The motion judge also rejected the defendant's argument that, because his pocket knife was concealed during his theft of the toothpaste prior to the altercation with the store employees, he could not be convicted under the law of armed robbery as it existed at the time of his offense. And the motion judge held that Rogers I barred the defendant's renewed claim that this court applied the wrong standard in his direct appeal in holding that the admission of the substitute medical examiner's testimony was harmless error. See Rogers I, 459 Mass. at 264, 266 (error admitting factual findings from autopsy report "harmless beyond a reasonable doubt" where findings not relevant to any contested issue).
The motion judge nonetheless allowed in part the defendant's motion for a reduction of the verdict under rule 25 (b) (2), having concluded "that justice was not done" in this case. Finding that, "[g]iven the facts of the crime, 'there is no question of reducing the verdict below murder,'" the motion judge implicitly denied the defendant's motion insofar as he sought a reduction to manslaughter. The motion judge instead entered a verdict of murder in the second degree. Based on the reduced verdict, the motion judge resentenced the defendant to life imprisonment with parole eligibility after fifteen years for the murder of Giambrone, to run consecutively with the sentence of from nine to ten years for assault and battery by means of a dangerous weapon on Young.
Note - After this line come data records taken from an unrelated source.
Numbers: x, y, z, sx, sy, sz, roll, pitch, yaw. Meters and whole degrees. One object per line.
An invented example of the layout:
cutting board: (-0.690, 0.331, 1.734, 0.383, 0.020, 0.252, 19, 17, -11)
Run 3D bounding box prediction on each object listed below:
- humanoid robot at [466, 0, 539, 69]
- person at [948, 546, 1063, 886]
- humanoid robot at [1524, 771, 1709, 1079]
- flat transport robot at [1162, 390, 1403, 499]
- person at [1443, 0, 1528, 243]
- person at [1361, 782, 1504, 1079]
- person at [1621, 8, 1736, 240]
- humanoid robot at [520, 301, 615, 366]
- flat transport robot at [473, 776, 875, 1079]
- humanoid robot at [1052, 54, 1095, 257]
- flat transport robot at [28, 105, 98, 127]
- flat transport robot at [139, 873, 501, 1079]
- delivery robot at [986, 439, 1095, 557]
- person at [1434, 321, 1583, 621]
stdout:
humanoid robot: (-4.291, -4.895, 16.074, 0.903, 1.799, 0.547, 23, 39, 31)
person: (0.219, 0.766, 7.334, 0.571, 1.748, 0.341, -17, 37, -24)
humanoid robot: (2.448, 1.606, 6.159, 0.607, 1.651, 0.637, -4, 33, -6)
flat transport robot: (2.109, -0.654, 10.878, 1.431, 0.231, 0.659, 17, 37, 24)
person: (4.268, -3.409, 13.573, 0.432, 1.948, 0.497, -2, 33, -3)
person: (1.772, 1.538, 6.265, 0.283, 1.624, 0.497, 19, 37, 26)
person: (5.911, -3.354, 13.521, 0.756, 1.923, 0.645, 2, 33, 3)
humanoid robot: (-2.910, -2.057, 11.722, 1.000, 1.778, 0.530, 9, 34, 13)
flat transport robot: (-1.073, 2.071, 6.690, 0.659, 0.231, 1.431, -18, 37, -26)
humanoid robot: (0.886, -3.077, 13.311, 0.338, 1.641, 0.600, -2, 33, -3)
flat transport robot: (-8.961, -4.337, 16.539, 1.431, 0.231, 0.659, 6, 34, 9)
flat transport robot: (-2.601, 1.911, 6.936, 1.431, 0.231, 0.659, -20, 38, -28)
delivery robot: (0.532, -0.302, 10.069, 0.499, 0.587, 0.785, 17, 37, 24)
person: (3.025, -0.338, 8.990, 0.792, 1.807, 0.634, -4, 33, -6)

The defendant appealed from the new sentence to the Appellate Division of the Superior Court, which affirmed the sentence. The defendant also filed a motion to revise and revoke his sentence for the assault and battery by means of a dangerous weapon, seeking a reduced sentence of from three and one-half to ten years. The defendant then asked that the motion be held in abeyance until these appellate proceedings conclude.
iii. Gatekeeper.
The parties timely cross-petitioned a single justice of this court for leave to appeal from the motion judge's decision under § 33E. The defendant sought leave to appeal from the denial of his motion for a new trial and the partial denial of his motion to reduce the verdict insofar as it sought reduction to manslaughter, and the Commonwealth sought leave to appeal from the reduction of the verdict to murder in the second degree. The single justice reserved and reported to this court the defendant's petition for leave to appeal and allowed the Commonwealth's appeal. We consolidated the defendant's reported petition with the Commonwealth's appeal.
2. Discussion.
a. The defendant's petition.
To appeal from an adverse decision on a postconviction motion, "a capital defendant whose 'whole case' has already been reviewed [and upheld] by this court pursuant to . . . § 33E" must first show that "there is a 'new and substantial' issue that this court could not have considered in the course of plenary review." Commonwealth v. Gunter, 459 Mass. 480, 487, cert. denied, 565 U.S. 868 (2011), quoting G. L. c. 278, § 33E. Because the single justice did not decide the threshold question whether the defendant has met this burden and instead reserved and reported the petition to the full court, we address this initial question with respect to each issue the defendant raises. See Commonwealth v. Ambers, 397 Mass. 705, 707-708 (1986).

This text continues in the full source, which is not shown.